# WHAT TO DO
Transcribe the data below verbatim from the line with "remote control: (-0.317, 0.376, 1.000);" to the line with "#3 car (0,262,49,286)". Include both of those lines.

# STORED DATA
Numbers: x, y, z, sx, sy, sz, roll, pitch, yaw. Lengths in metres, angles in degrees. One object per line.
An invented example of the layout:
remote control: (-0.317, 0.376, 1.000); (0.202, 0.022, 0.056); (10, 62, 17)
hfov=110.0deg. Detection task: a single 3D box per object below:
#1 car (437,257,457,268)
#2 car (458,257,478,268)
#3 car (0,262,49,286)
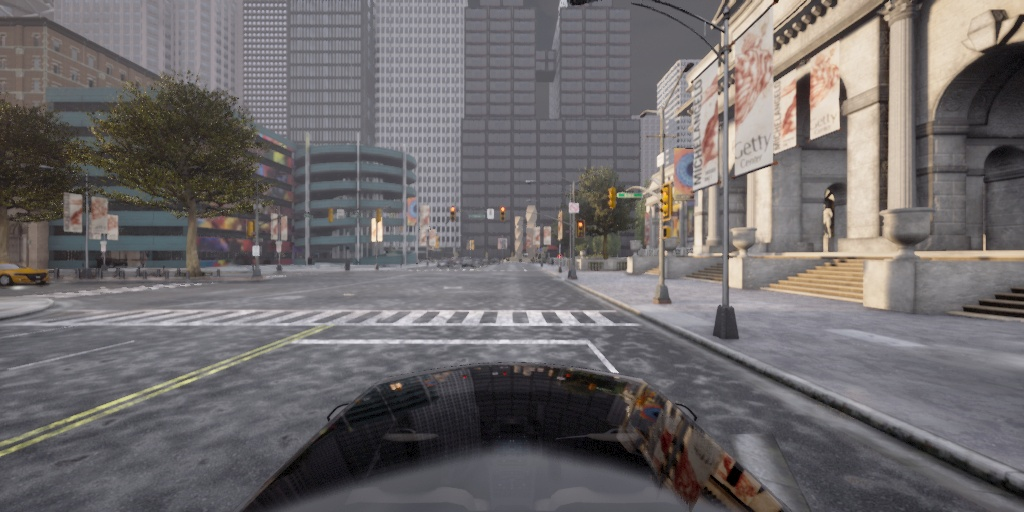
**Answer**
car: (-10.488, 1.138, 56.306); (2.128, 1.511, 4.902); (0, 0, 0)
car: (-6.987, 1.155, 57.289); (1.837, 1.490, 4.892); (0, 0, 0)
car: (-34.048, 1.136, 23.823); (5.008, 1.535, 1.882); (0, 0, -1)

# EXERCISE OUTPUT
remote control: (-0.317, 0.376, 1.000); (0.202, 0.022, 0.056); (10, 62, 17)
hfov=110.0deg. Detection task: a single 3D box per object below:
#1 car (437,257,457,268)
#2 car (458,257,478,268)
#3 car (0,262,49,286)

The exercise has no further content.